The most common serious side effects of these regimens (occurring in at least 5 percent of patients) were low white blood cell count with fever, pneumonia, bacteria in the blood, inflammation of tissue under the skin, device-related infection, diarrhea, fatigue, bleeding, localized infection, multiple organ dysfunction syndrome and respiratory failure.

The FDA’s Accelerated Approval Program allows conditional approval of a medicine that fills an unmet medical need for a serious condition. This approval of Venclexta is based on surrogate endpoints that are reasonably likely to predict clinical benefit, including CR and CRh. Continued approval for this indication may be contingent upon verification and description of clinical benefit observed in confirmatory trials.

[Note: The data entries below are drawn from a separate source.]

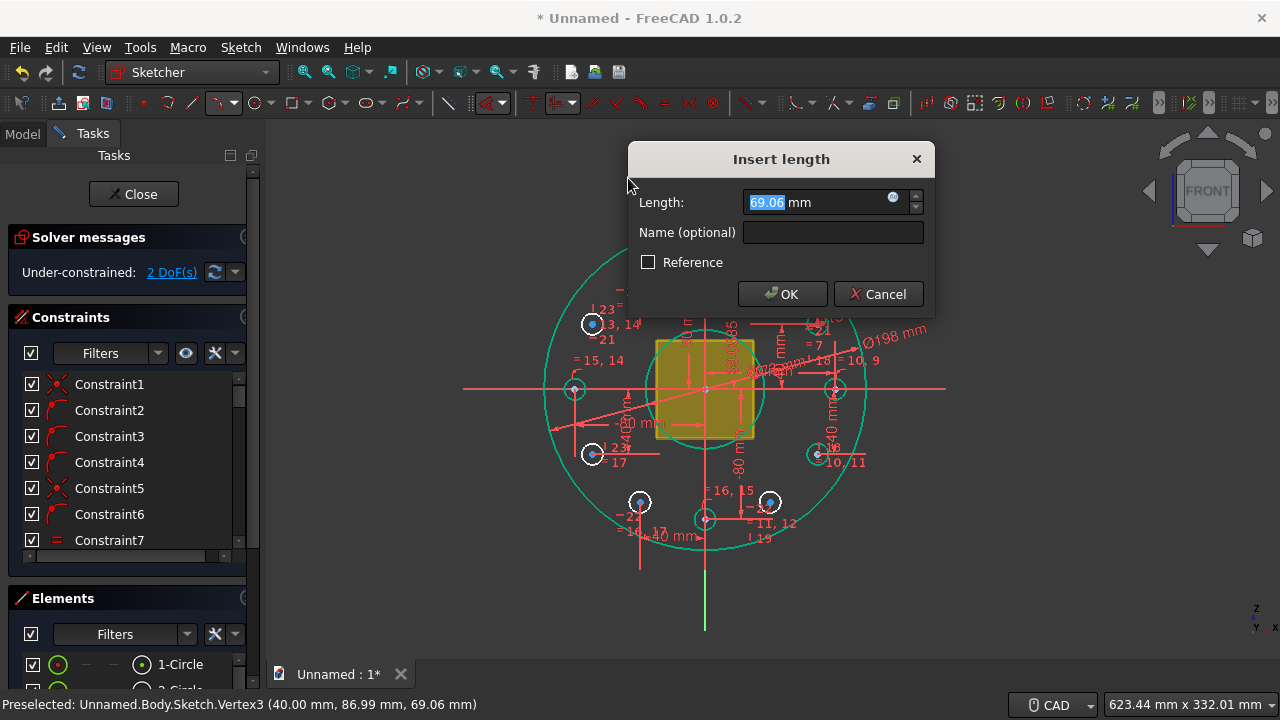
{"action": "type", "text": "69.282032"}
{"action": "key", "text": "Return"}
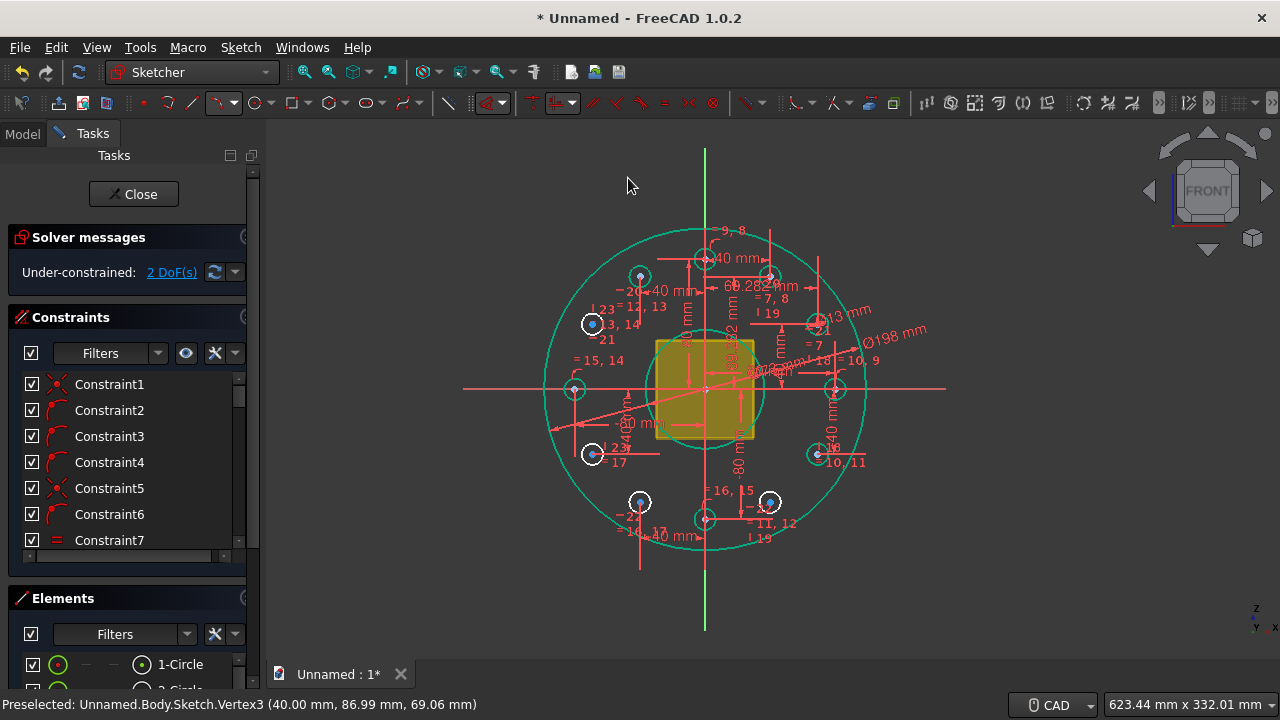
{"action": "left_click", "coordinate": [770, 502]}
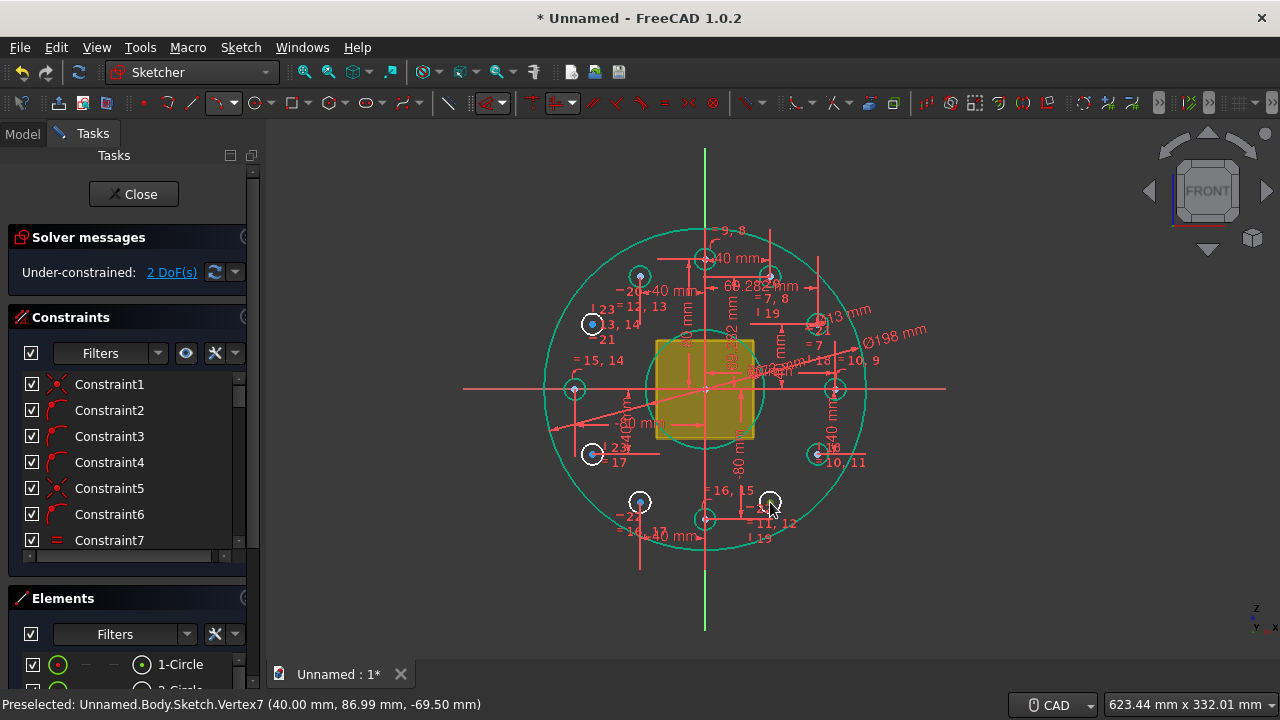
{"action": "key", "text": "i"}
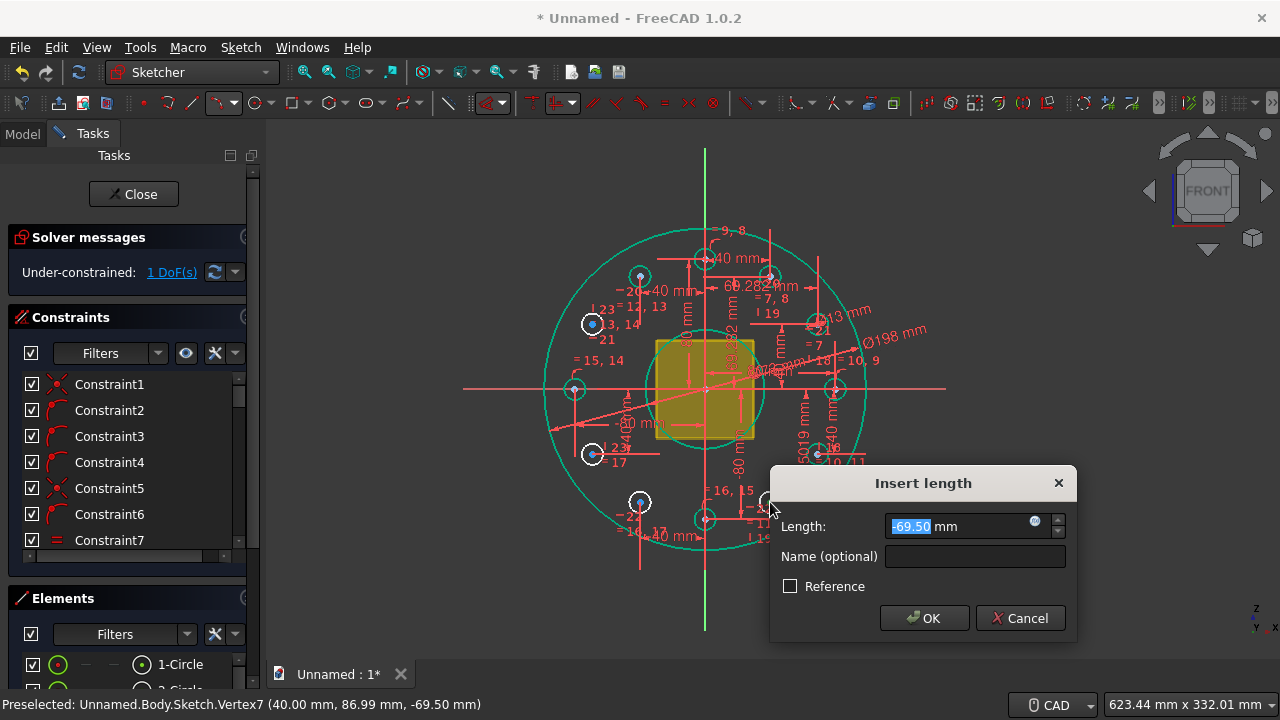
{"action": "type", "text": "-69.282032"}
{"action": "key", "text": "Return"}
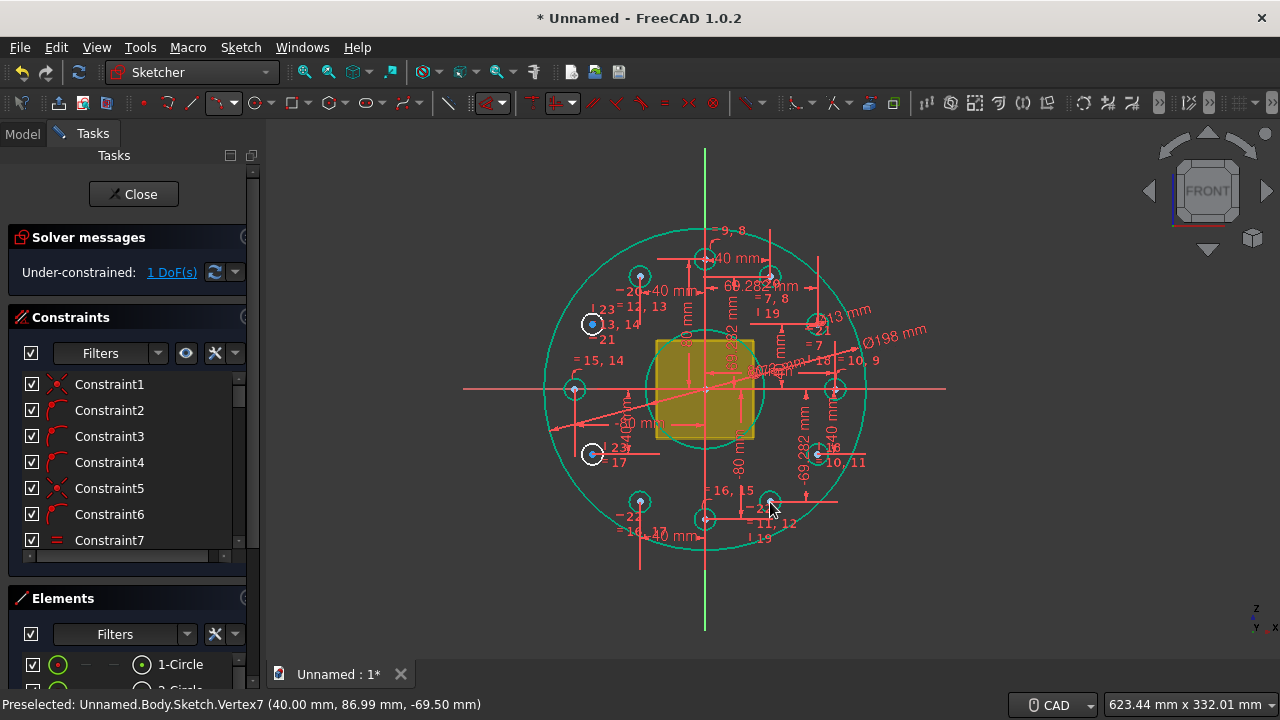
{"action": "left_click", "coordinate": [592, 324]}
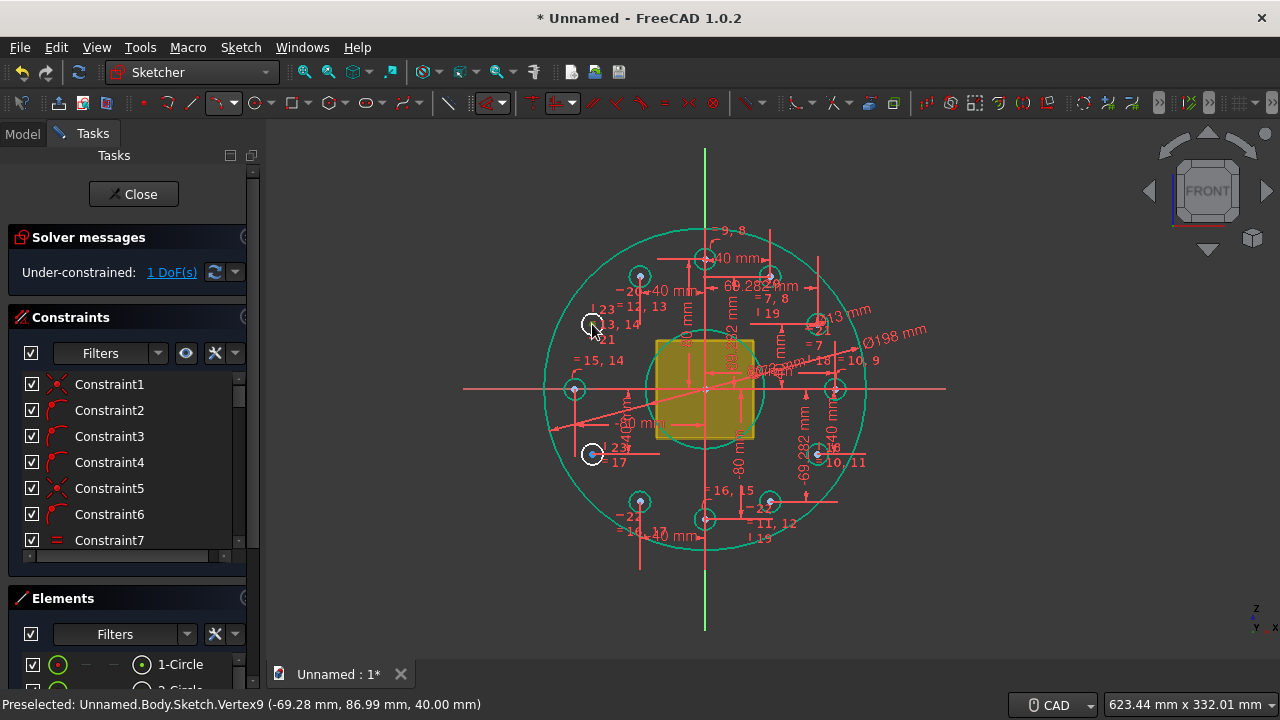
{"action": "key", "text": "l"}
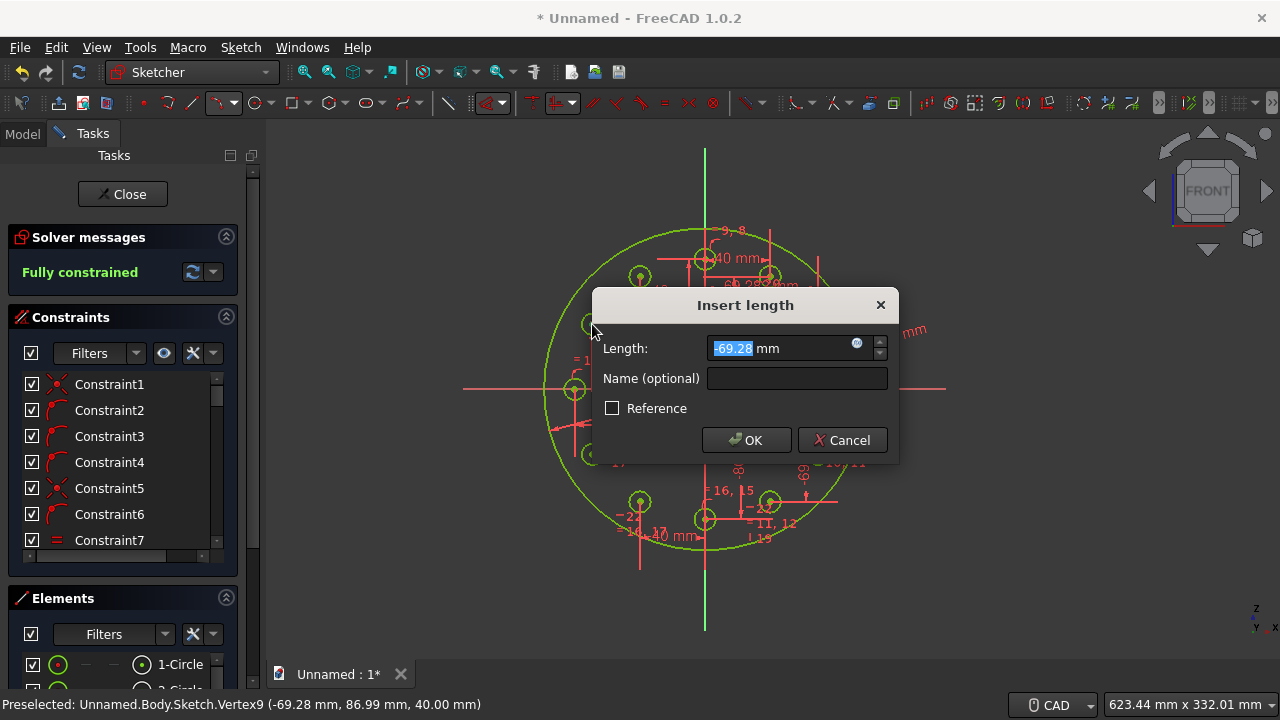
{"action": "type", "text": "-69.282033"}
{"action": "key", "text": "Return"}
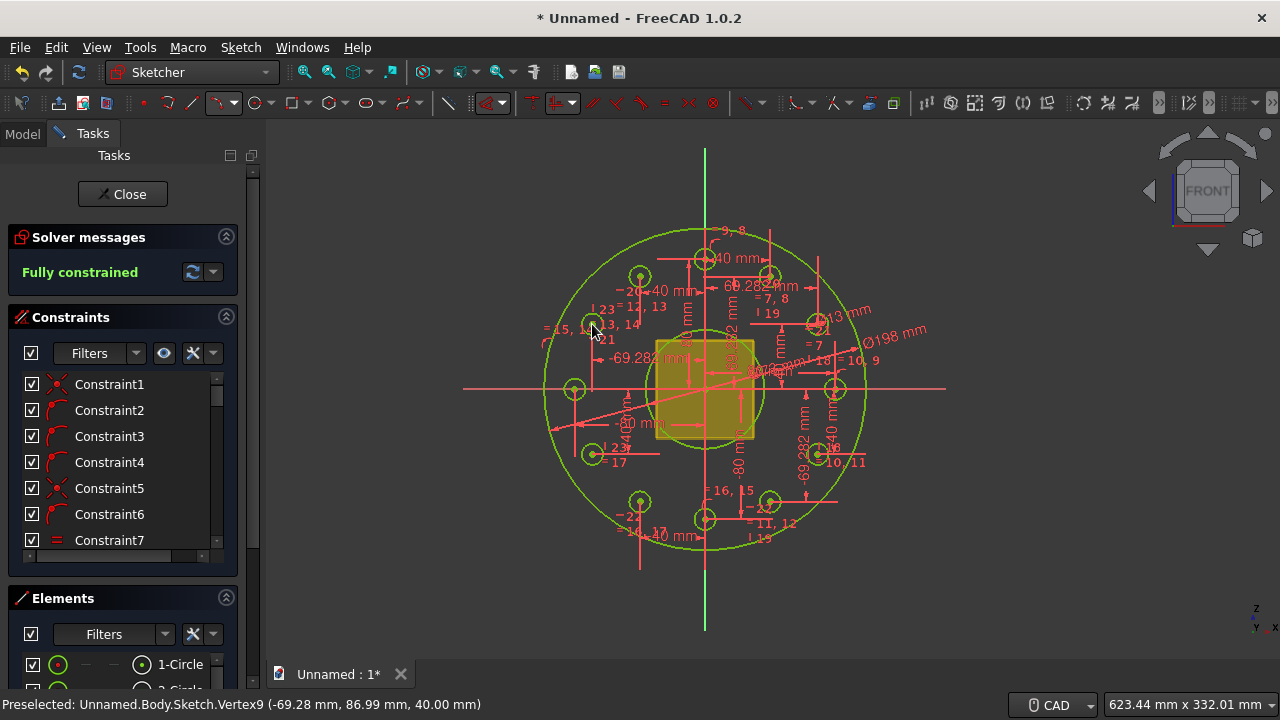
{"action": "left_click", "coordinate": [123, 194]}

The supplemental New Drug Application (sNDA) was granted Priority Review, a designation given to medicines that the FDA has determined to have the potential to provide significant improvements in the treatment, prevention or diagnosis of a disease. In addition, the FDA previously granted two Breakthrough Therapy Designations for Venclexta in people with previously untreated AML ineligible for intensive chemotherapy, either in combination with a hypomethylating agent or LDAC, based on results from these two studies. With this approval, Venclexta is available in the U.S. for two forms of blood cancer.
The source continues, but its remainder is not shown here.